Isolated single umbilical artery anomaly and the risk for congenital malformations: a meta-analysis

Abstract

Background/purpose: Single umbilical artery (SUA) is an associated finding in many chromosomal abnormalities and congenital malformations. However, SUAcan also be seen as an isolated finding. The extent of diagnostic investigation and follow-up needed in infants with SUA as an isolated finding has long been debated. In this study the authors examined this issue by an analysis of the published papers concerning SUA anomaly.

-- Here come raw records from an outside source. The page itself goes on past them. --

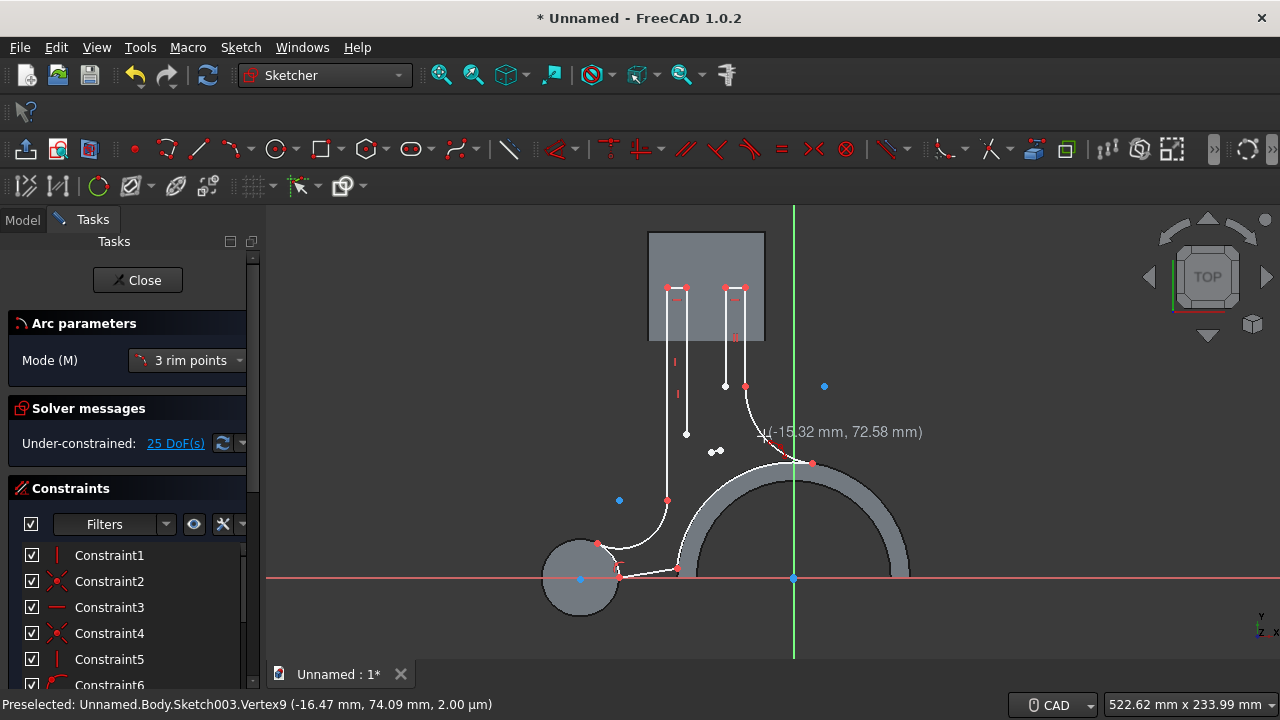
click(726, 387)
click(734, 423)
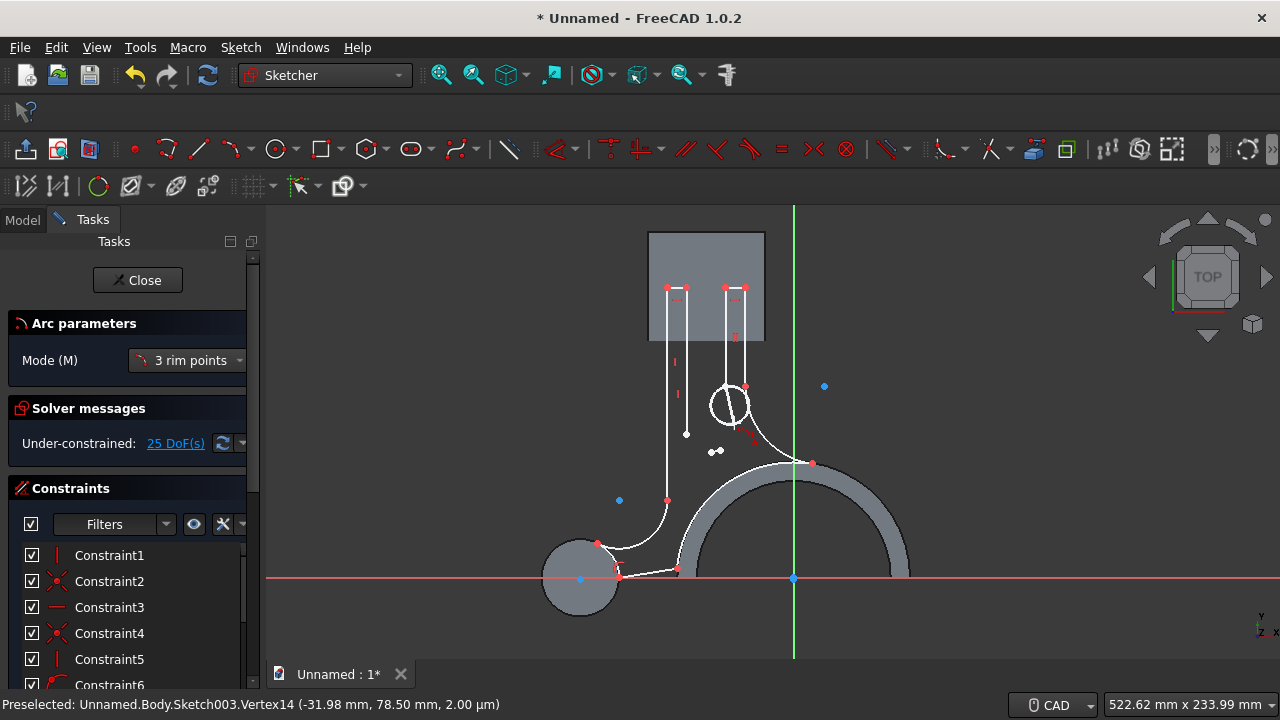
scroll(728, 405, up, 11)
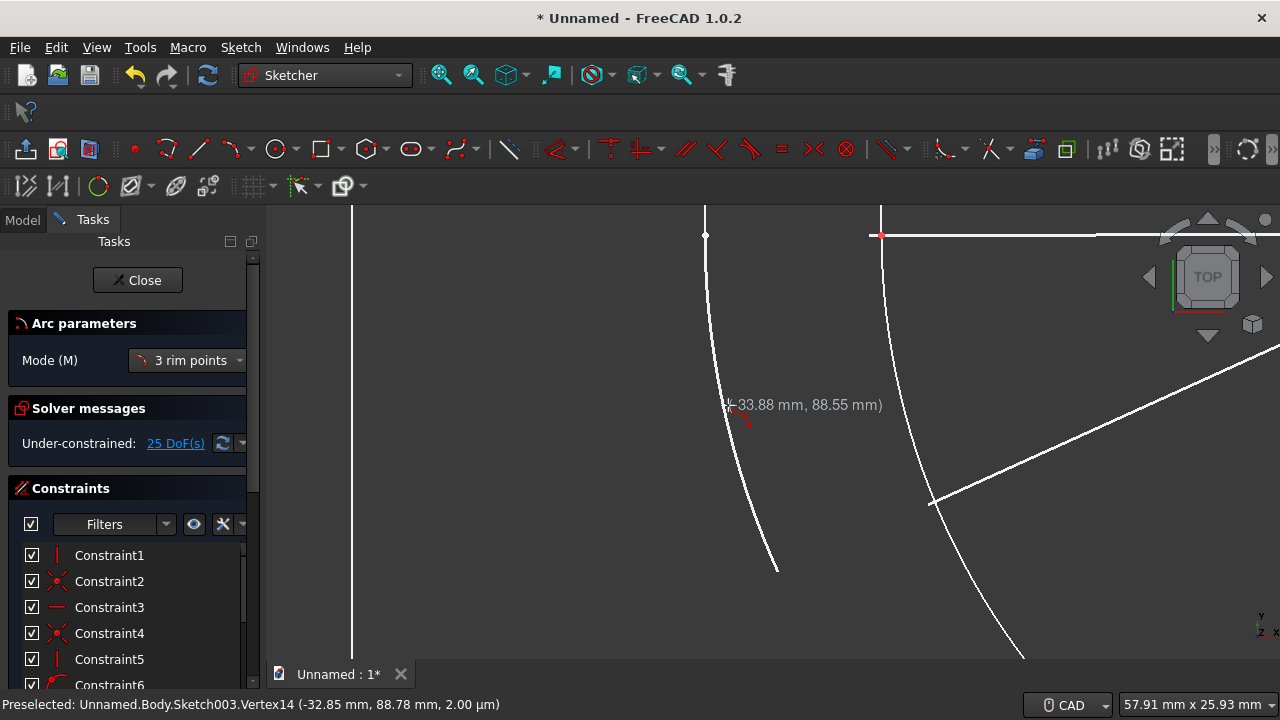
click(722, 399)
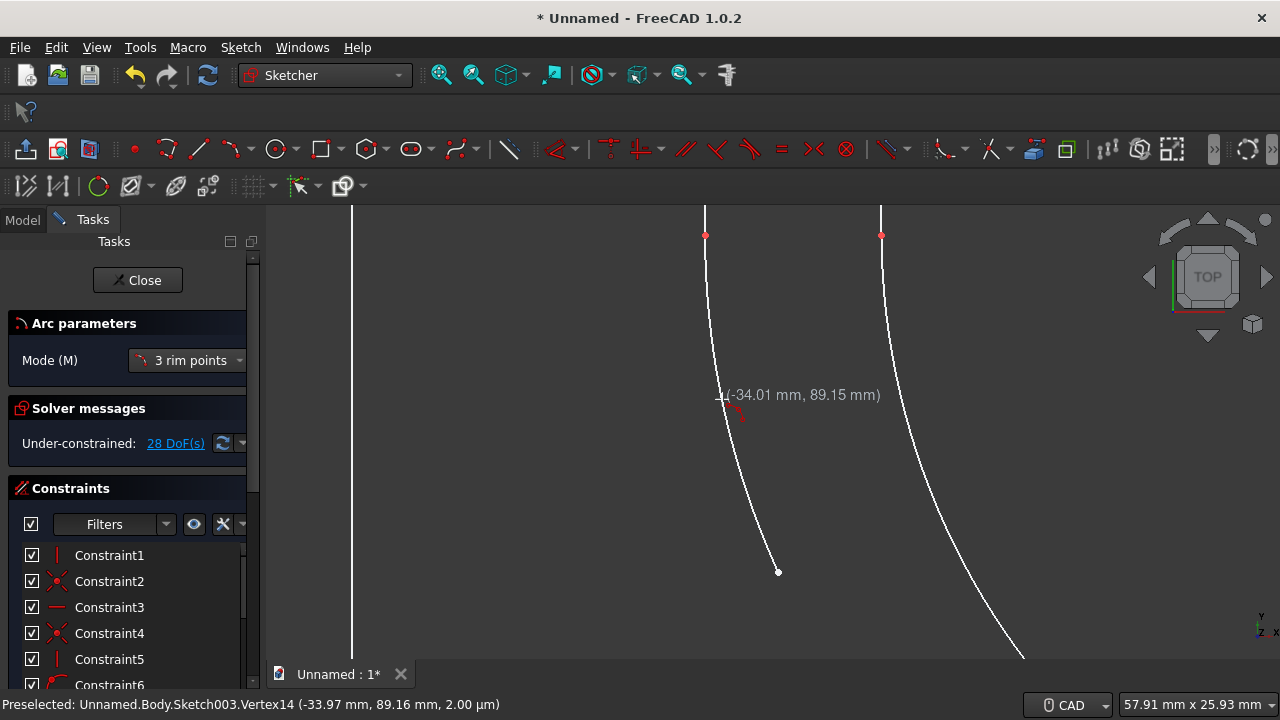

Methods: A meta-analysis of 37 studies related to SUA published over a 40-year period was performed. Eleven of 37 studies were considered group 1 because the diagnosis of SUA was made using specimens obtained from early abortuses, fetal deaths, or autopsies. The remaining 26 studies were considered group 2 because the diagnosis of SUA was made from examining placental and umbilical cord specimens obtained from live-born infants or by examination of the umbilicus soon after birth.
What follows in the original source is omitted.